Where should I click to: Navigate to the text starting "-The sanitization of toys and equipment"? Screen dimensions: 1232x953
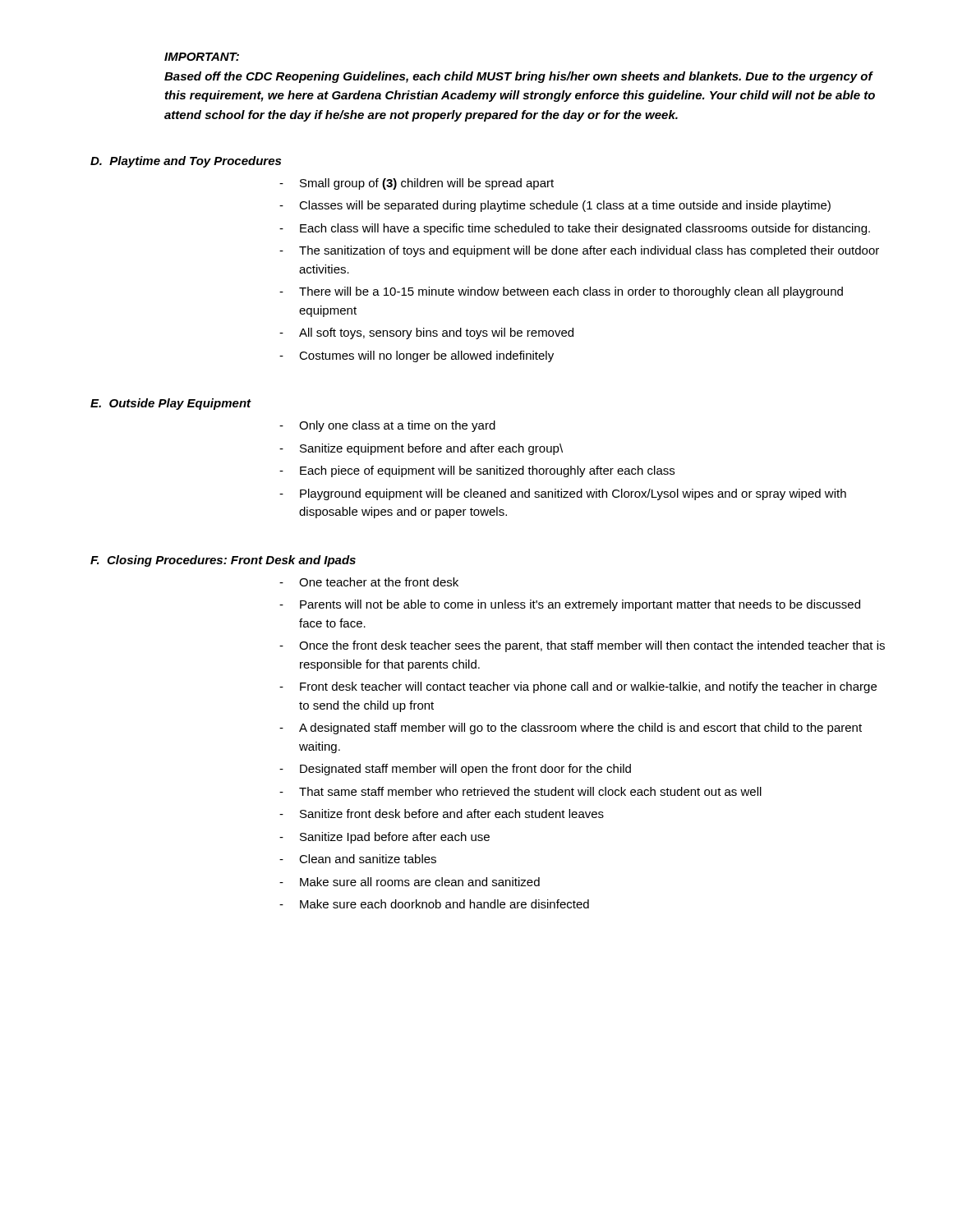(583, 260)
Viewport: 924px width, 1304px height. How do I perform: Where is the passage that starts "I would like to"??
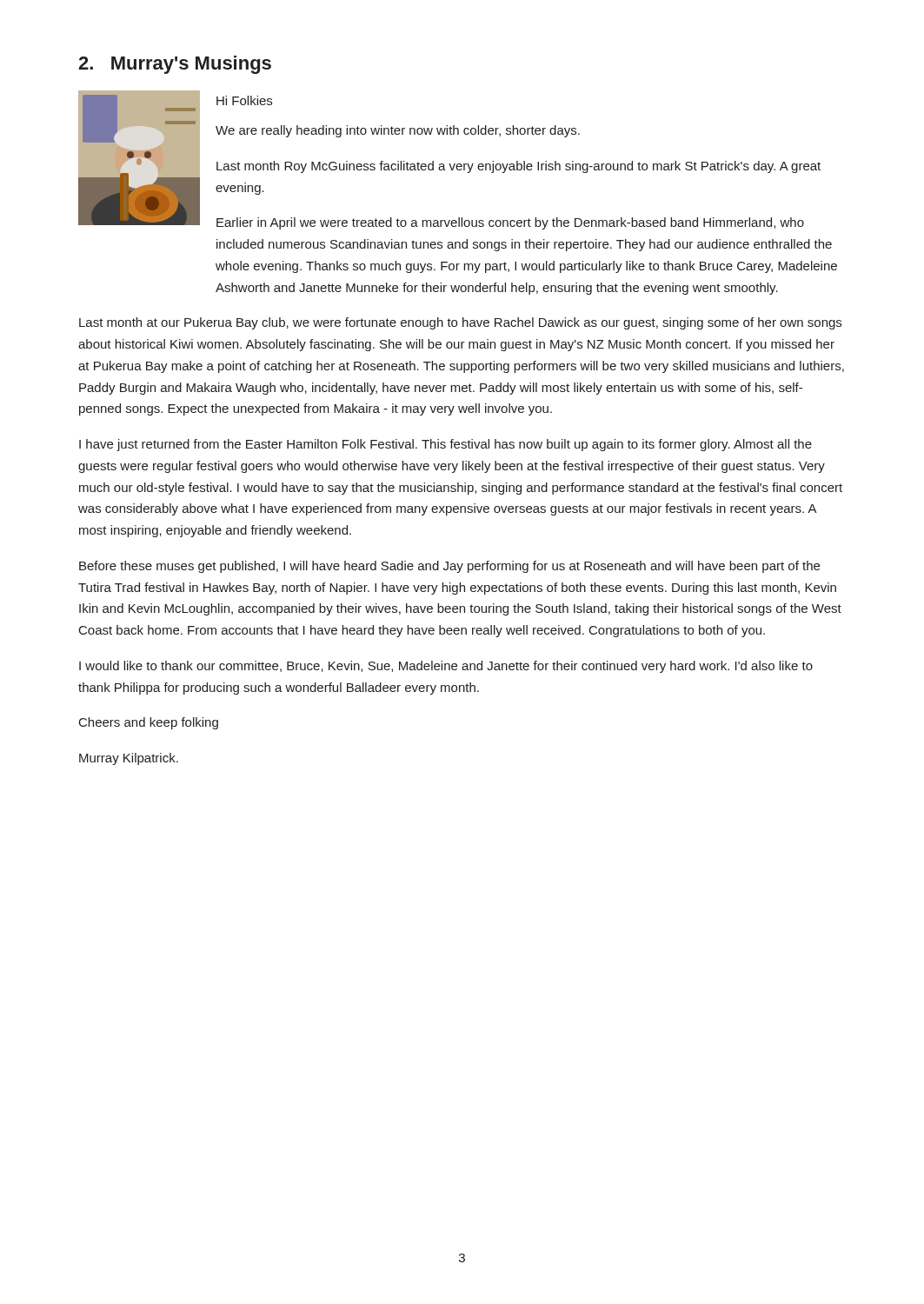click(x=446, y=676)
---
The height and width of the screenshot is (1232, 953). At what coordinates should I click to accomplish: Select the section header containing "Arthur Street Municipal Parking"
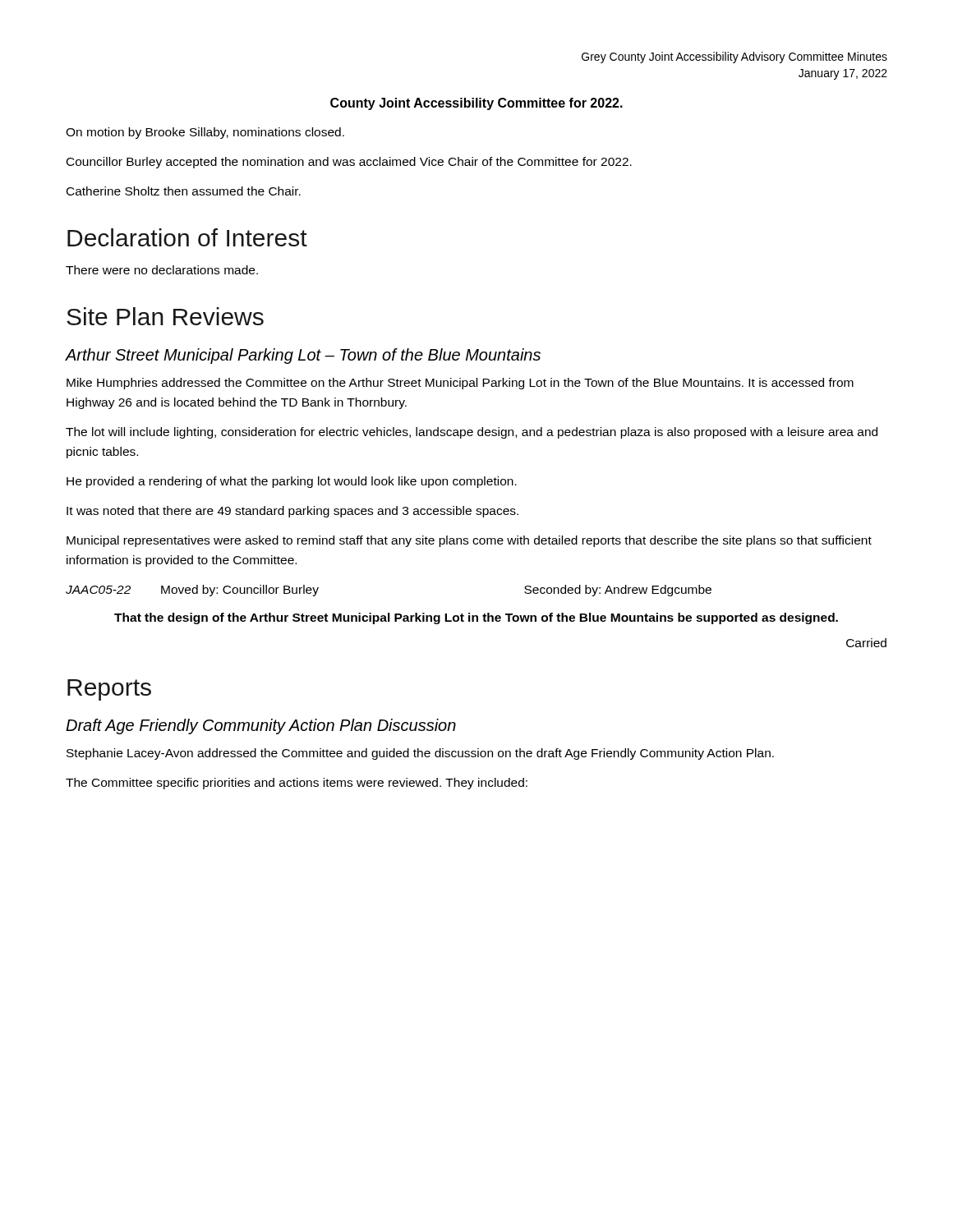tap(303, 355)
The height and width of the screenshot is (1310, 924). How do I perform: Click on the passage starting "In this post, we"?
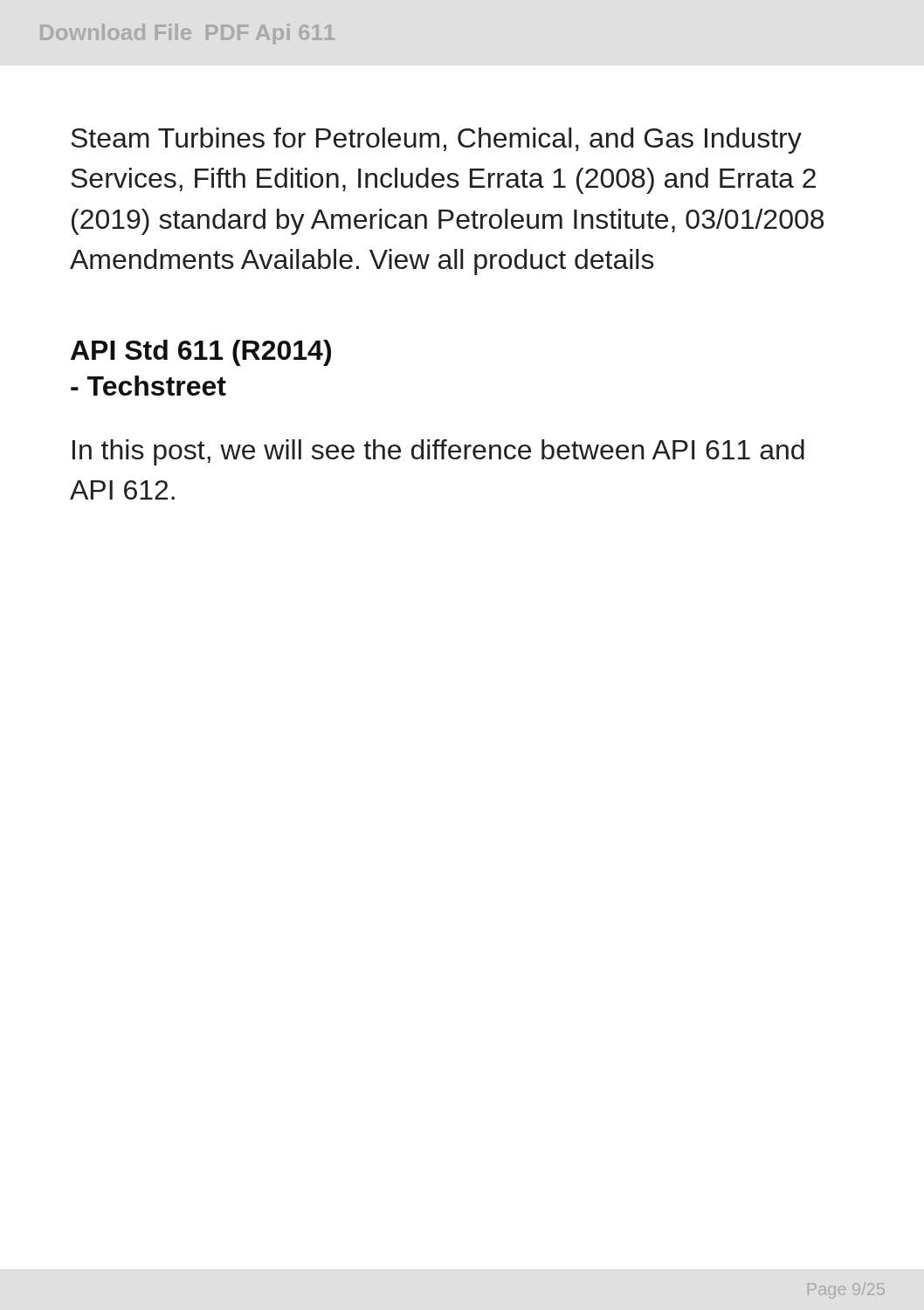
---
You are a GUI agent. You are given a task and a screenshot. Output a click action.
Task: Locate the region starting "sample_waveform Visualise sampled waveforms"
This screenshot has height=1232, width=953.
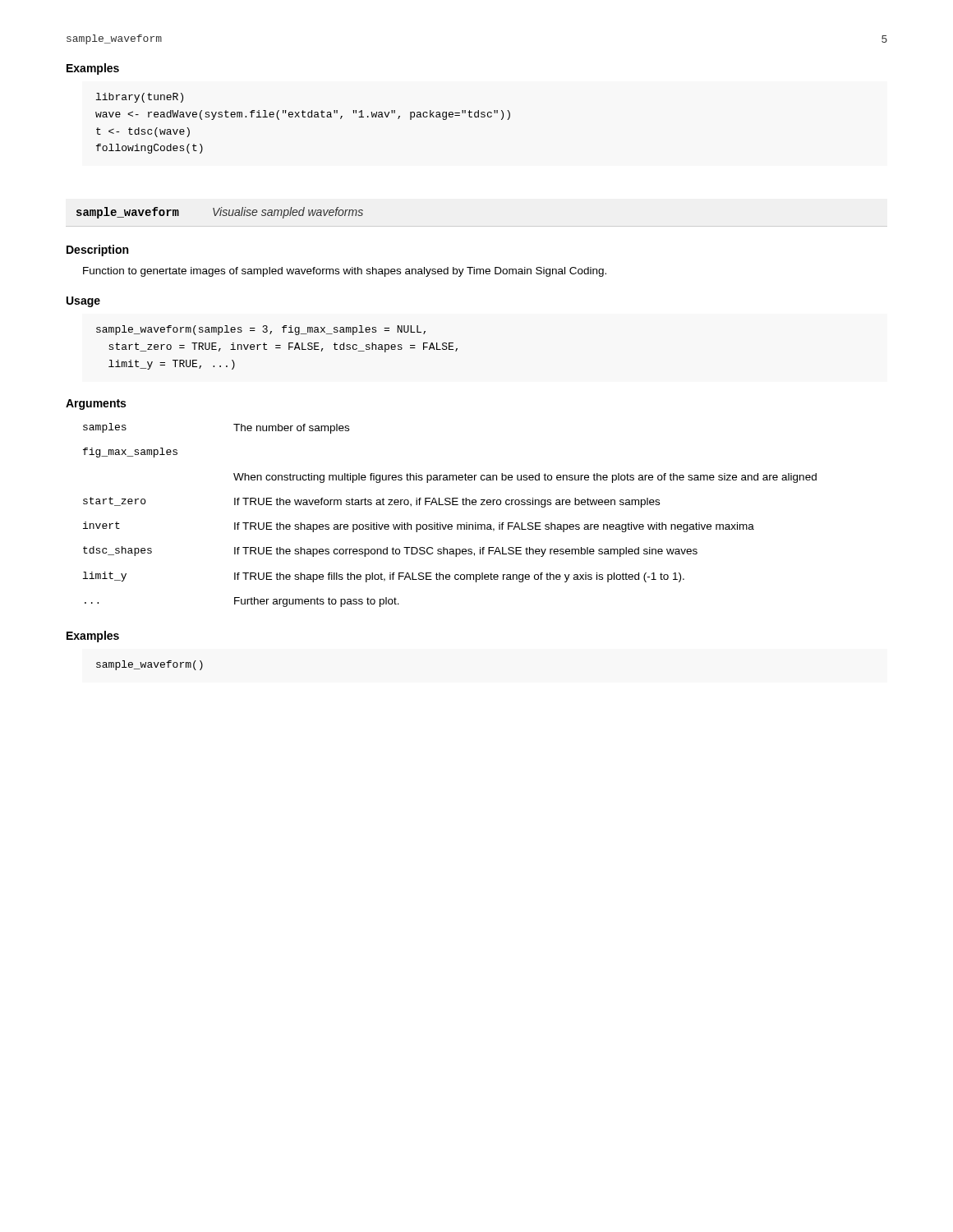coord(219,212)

* **YOUR ASSIGNMENT**
Copy back exactly the lines above from the one containing "The height and width of the screenshot is (1232, 953)." through the one containing "The height and width of the screenshot is (1310, 924).", and leave every picture behind.

* **YOUR RESPONSE**
The height and width of the screenshot is (1232, 953). At what coordinates should I click to accomplish: Select the section header containing "Arthur Street Municipal Parking"
tap(303, 355)
The height and width of the screenshot is (1310, 924). How do I perform: Click on the passage starting "In this post, we"?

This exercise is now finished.